Established in 2017, New York City’s Right to Counsel initiative provides free legal services — including representation — to tenants facing eviction in housing court. The data shows that the overwhelming majority of tenants who have city-funded legal representation are successful in their legal proceedings, with 84% of households represented by a Right to Counsel lawyer able to remain in their homes.

Manhattan Borough President Mark Levine, who authored the Right to Counsel legislation — with Bronx Borough President Vanessa Gibson when they were members of the City Council — spoke at the rally about the need for all tenants to be legally represented.

On March 9, Levine sent a letter to the state Chief Judge Janet DiFiore pleading with her to slow down eviction cases and issue an administrative order, to ensure that only cases where tenants have secured a retainer with a legal services provider are allowed to move forward.
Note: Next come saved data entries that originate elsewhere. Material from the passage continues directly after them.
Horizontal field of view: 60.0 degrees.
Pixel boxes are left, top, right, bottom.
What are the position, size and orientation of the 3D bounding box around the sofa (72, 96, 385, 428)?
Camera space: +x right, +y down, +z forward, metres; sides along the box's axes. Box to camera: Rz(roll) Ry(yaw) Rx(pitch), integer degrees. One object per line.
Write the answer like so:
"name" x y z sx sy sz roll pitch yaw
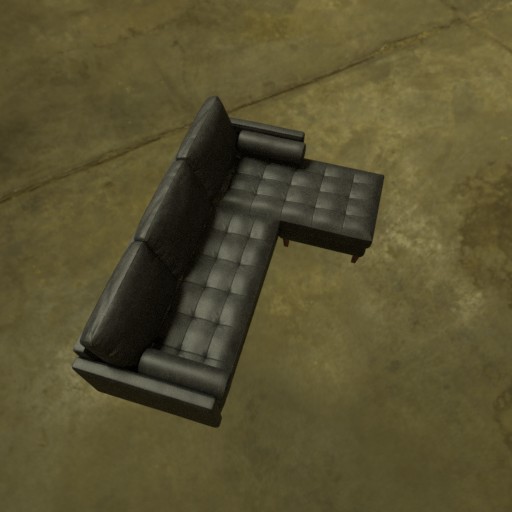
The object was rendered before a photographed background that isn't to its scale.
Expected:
"sofa" 0.000 0.000 3.009 1.497 0.876 2.178 14 59 8
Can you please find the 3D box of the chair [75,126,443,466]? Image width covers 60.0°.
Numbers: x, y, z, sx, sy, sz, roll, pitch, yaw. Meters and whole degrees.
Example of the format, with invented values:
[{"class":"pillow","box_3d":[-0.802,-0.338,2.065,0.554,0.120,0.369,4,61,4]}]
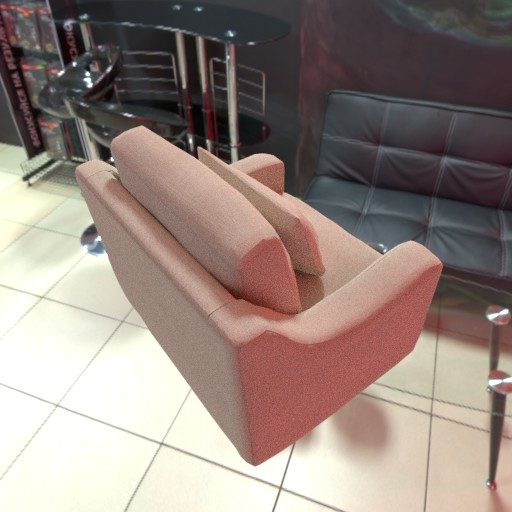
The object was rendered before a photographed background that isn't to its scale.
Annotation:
[{"class":"chair","box_3d":[0.000,0.000,1.896,1.009,1.016,1.178,-26,47,-27]}]
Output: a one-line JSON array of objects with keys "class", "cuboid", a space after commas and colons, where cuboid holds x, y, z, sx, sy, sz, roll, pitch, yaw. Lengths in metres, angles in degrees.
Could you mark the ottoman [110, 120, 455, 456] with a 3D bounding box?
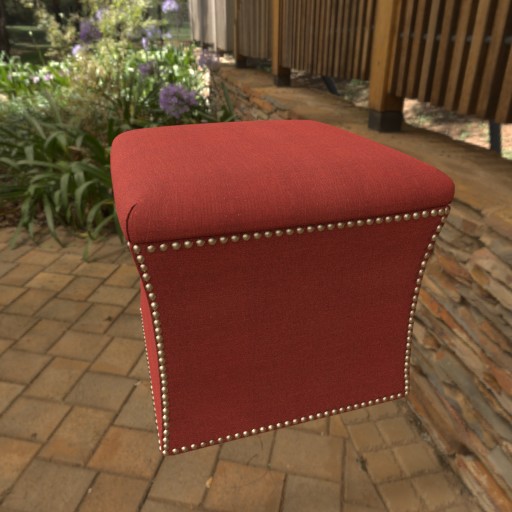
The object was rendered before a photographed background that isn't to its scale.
[{"class": "ottoman", "cuboid": [0.000, 0.000, 0.890, 0.507, 0.475, 0.497, -8, 27, -15]}]
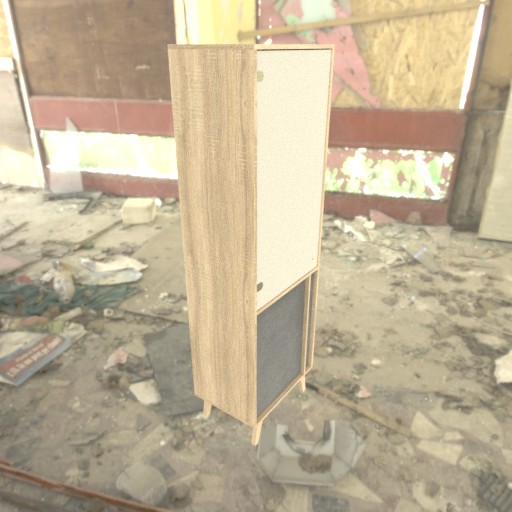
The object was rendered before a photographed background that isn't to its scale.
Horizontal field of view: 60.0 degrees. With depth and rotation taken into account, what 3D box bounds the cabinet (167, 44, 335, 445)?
[{"bbox_3d":[0.000,0.000,2.146,0.400,1.850,0.570,17,31,32],"label":"cabinet"}]
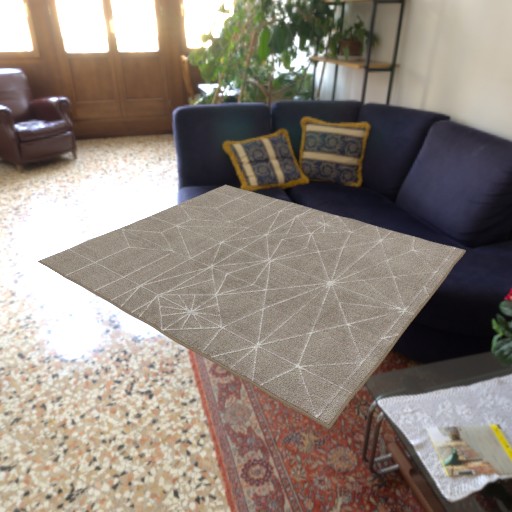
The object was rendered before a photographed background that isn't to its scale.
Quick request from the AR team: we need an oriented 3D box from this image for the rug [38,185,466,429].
[{"bbox_3d":[0.000,0.000,0.867,0.639,0.006,0.548,20,35,33],"label":"rug"}]
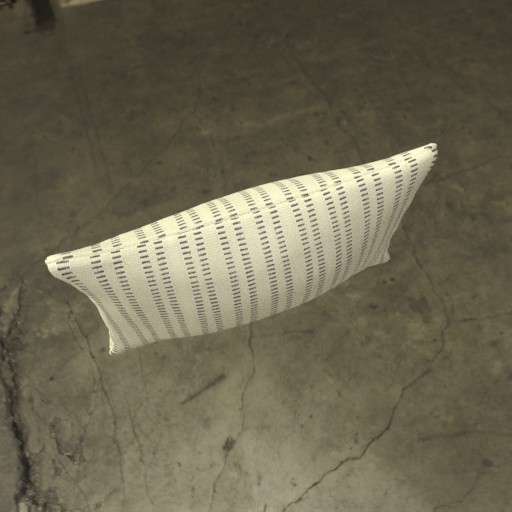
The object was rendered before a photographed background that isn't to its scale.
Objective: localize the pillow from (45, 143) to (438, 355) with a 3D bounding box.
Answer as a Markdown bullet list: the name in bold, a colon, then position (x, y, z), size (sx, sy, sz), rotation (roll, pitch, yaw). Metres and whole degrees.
- **pillow**: position (0.000, 0.000, 0.817), size (0.640, 0.353, 0.210), rotation (-18, 60, -11)
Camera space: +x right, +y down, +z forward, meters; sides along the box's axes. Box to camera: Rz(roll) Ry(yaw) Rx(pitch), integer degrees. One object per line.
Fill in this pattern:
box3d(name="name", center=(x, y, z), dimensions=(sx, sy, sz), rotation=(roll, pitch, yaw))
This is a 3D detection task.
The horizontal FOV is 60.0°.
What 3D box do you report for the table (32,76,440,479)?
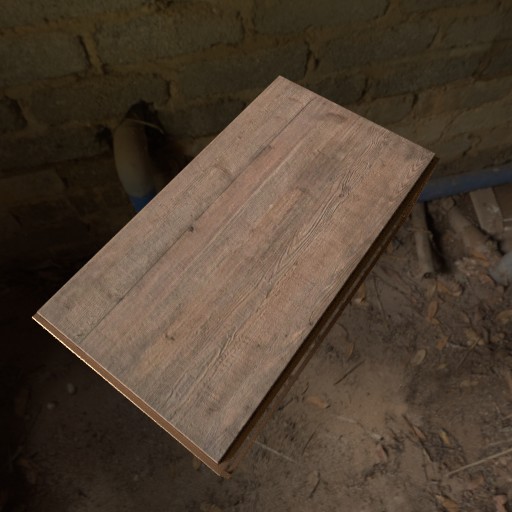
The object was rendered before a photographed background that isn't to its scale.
box3d(name="table", center=(0.000, 0.000, 1.759), dimensions=(0.775, 0.468, 1.387), rotation=(33, 67, 16))
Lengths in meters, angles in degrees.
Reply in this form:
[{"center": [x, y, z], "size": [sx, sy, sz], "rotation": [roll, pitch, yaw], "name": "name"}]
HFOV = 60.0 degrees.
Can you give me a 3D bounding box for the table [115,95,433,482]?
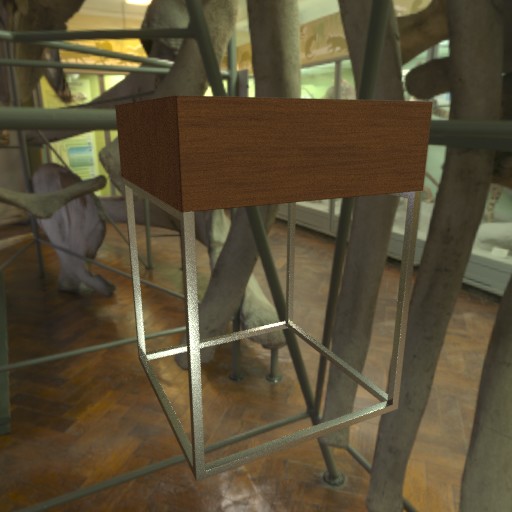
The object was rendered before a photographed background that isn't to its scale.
[{"center": [0.000, 0.000, 0.830], "size": [0.397, 0.540, 0.398], "rotation": [-8, 19, -25], "name": "table"}]
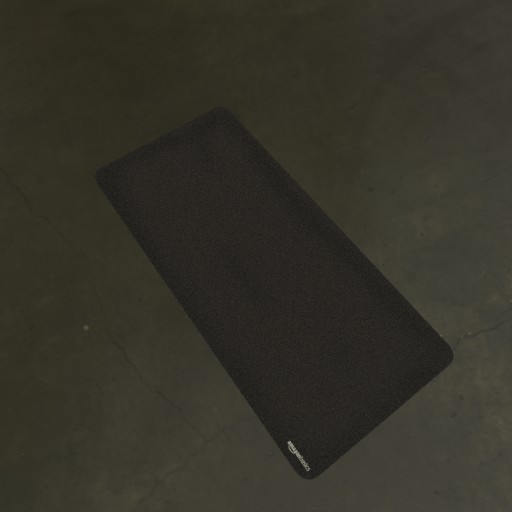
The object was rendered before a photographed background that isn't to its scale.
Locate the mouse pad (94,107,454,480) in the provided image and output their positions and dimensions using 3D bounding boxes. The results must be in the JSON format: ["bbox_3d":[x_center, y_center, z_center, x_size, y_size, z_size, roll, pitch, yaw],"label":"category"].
[{"bbox_3d":[0.000,0.000,1.062,0.424,0.003,0.907,-33,68,-15],"label":"mouse pad"}]
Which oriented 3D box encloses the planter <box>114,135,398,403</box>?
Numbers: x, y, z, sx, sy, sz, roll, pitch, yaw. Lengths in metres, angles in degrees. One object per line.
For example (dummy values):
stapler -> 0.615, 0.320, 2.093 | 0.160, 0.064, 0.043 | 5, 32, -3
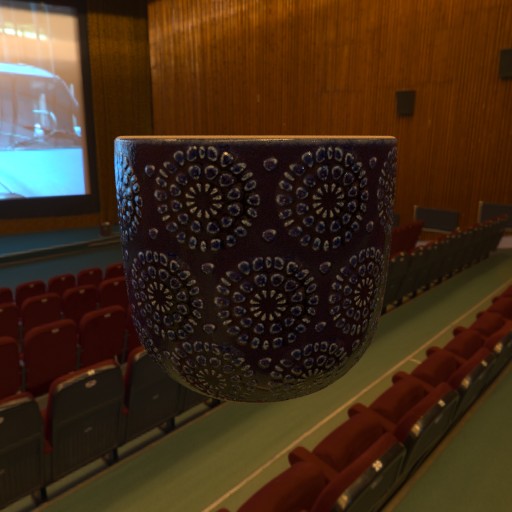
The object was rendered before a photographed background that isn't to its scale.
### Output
planter -> 0.000, 0.000, 0.286 | 0.165, 0.149, 0.165 | 0, 15, 0
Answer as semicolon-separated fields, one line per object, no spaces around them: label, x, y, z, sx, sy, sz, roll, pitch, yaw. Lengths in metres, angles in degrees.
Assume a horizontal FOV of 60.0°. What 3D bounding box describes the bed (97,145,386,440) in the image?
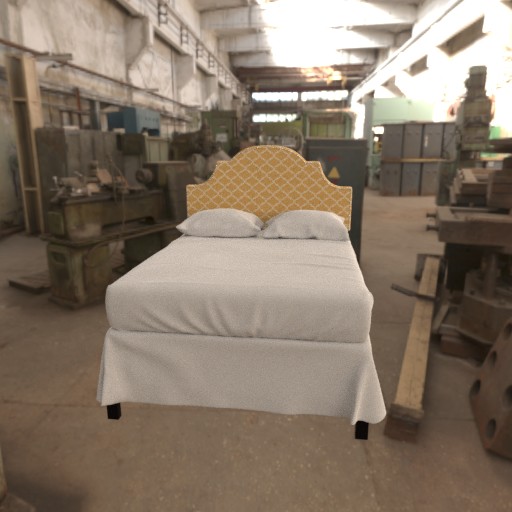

He said not granting tenants legal representation is a violation of the law.

Levine said that for decades landlords knew that when they took tenants to court it was nearly a slam dunk that they would win the case. But with the passage of Right to Counsel, people now have a fighting chance.

However, Levine now sees this latest problem snowballing into something much worse.

“We have been warning for months about what will happen and now our nightmares are being realized,” he said.

City Councilmember Althea Stevens, a Concourse Village Progressive, knows about housing court firsthand. She told the attendees how she had to appear in housing court once with her daughter and feared that they would end up homeless.

There was already a housing crisis before COVID-19, and having tenants appear in court without a lawyer is only going to make things worse, she said. “Everybody who walks into this courthouse should have an attorney because every landlord who walks into this courthouse has an attorney,” Stevens said.

Councilmember Althea Stevens demands the courts slow down the eviction process until every tenant has a lawyer. Photo Adrian Childress

Tenant Leader Paula James, of the Flatbush Tenant Coalition, came to the rally in the Bronx to express her frustrations with the court system. James was confused about why the courts are scheduling cases without any lawyers available for tenants.

“I am a senior in this freezing cold because of my tenants,” James said. “The Office of Court Administration, who ignored the law, and decided that … evictions are more important than human rights. If you don’t uphold the law, you will create the worst homeless crisis NYC has ever seen.”